Canyoning in Da Lat
Something a little different.
What we say:
When you’re travelling in Vietnam, taking tours can become a common theme of your trip. Tours can be great, but after you’ve done a few they can get a little repetitive. Lately I’ve been looking for a little more adventure in my travels around Saigon so when my friend recommended I take a quick weekend trip to the city of Da Lat, a six-hour bus ride or one-hour plane trip away, and give the extreme sport of canyoning a try, I jumped at the chance.
Canyoning is the term used for hiking through a canyon, which involves navigating rough and steep terrain. This may require you to climb, swim, jump or repel. Canyoning in Da Lat gives you several opportunities to repel — even a couple of chances to repel down a waterfall. Canyoning tours are offered by several companies in Da Lat, all of which have their own guides and gear to get you in, and out, of the canyon.

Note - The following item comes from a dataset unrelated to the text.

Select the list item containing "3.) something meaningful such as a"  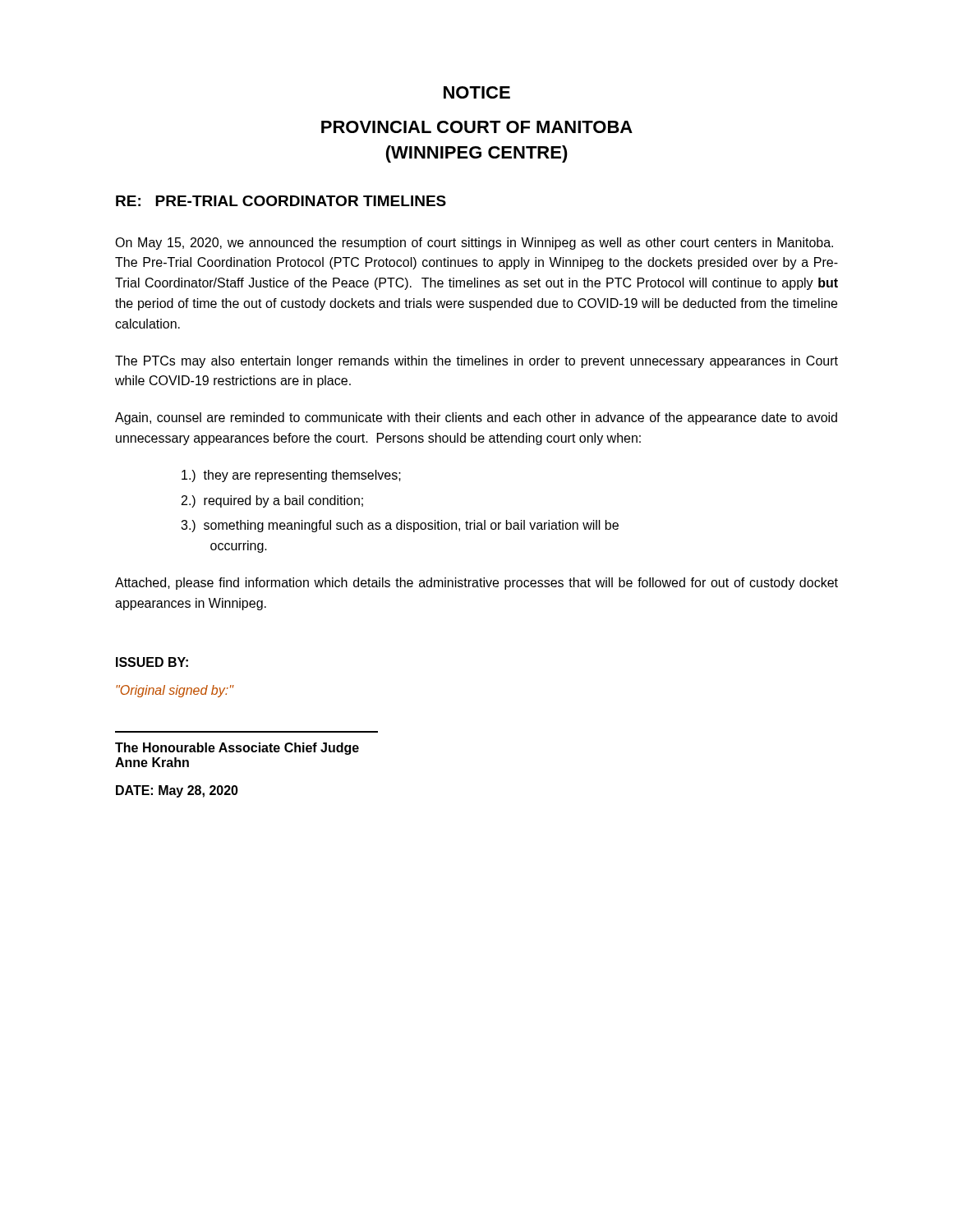[400, 536]

At 08:00 my tour picked me up from my hotel and we took a 15-minute drive before pulling off to the side of the road, seemingly in the middle of nowhere, to gear up. The quality of the equipment we were using was one of my major concerns, but it looked like it was in good shape; our guide assured me it was of the highest quality, and purchased from Singapore.
A quick hike into the forest brought us to our practice hill. Here we learned how to use the equipment and move along the rope. A short walk from the practice hill brought us to our first challenge, a 15-metre cliff. Being the first cliff I had ever repelled down, I took my time and reached the bottom, a metre-deep pool of water, unharmed.
Next we made our way to the slides: a small waterfall with somewhat smooth grooves that you could slide down into the deep water underneath. We slid down front-ways, backwards, and as a group and, although it was a little rough, it was a ton of fun.
After the slides we headed to the biggest challenge of the day: a 25-metre waterfall that we were to repel down. Here we had to walk slowly because the cliff face was slick from the water, plus once we hit the halfway point the falling water prevented us from being able to look at the guide on top. Also, at the very bottom, the rope was about three metres too short so we had to let go and fall in.
We triumphed and were rewarded with a lunch of bahn mi sandwiches and fruit, which tasted all the better because it was so hard-earned. Once lunch was finished we jumped off a 13-metre cliff into deep water below before we finished with our final repel down a waterfall they somewhat ominously call the Washing Machine. Here, after a few metres you are no longer able to touch the wall with your feet and you have to lower yourself into rushing water, which starts to spin you around, hence the name. It’s crazy because you’re hanging on a rope but, with the waterfall rushing over your body, you’re technically under water. And once you’re in the water, you have to quickly lower yourself or you’ll spin like crazy. It feels like you’re in the water for a few minutes, but it’s actually just four seconds.
Once we finished we took the long hike back to the road and got dropped off at our starting point at around 15:00.
If this is something you want to do, at least give yourself a weekend here, as Da Lat is a little too far for a day trip. At $30 for the day, the price is pretty reasonable, as it includes equipment, education, guiding and support; they also provide you with a very waterproof bag so you can bring a camera along to get pictures of you being super adventurous.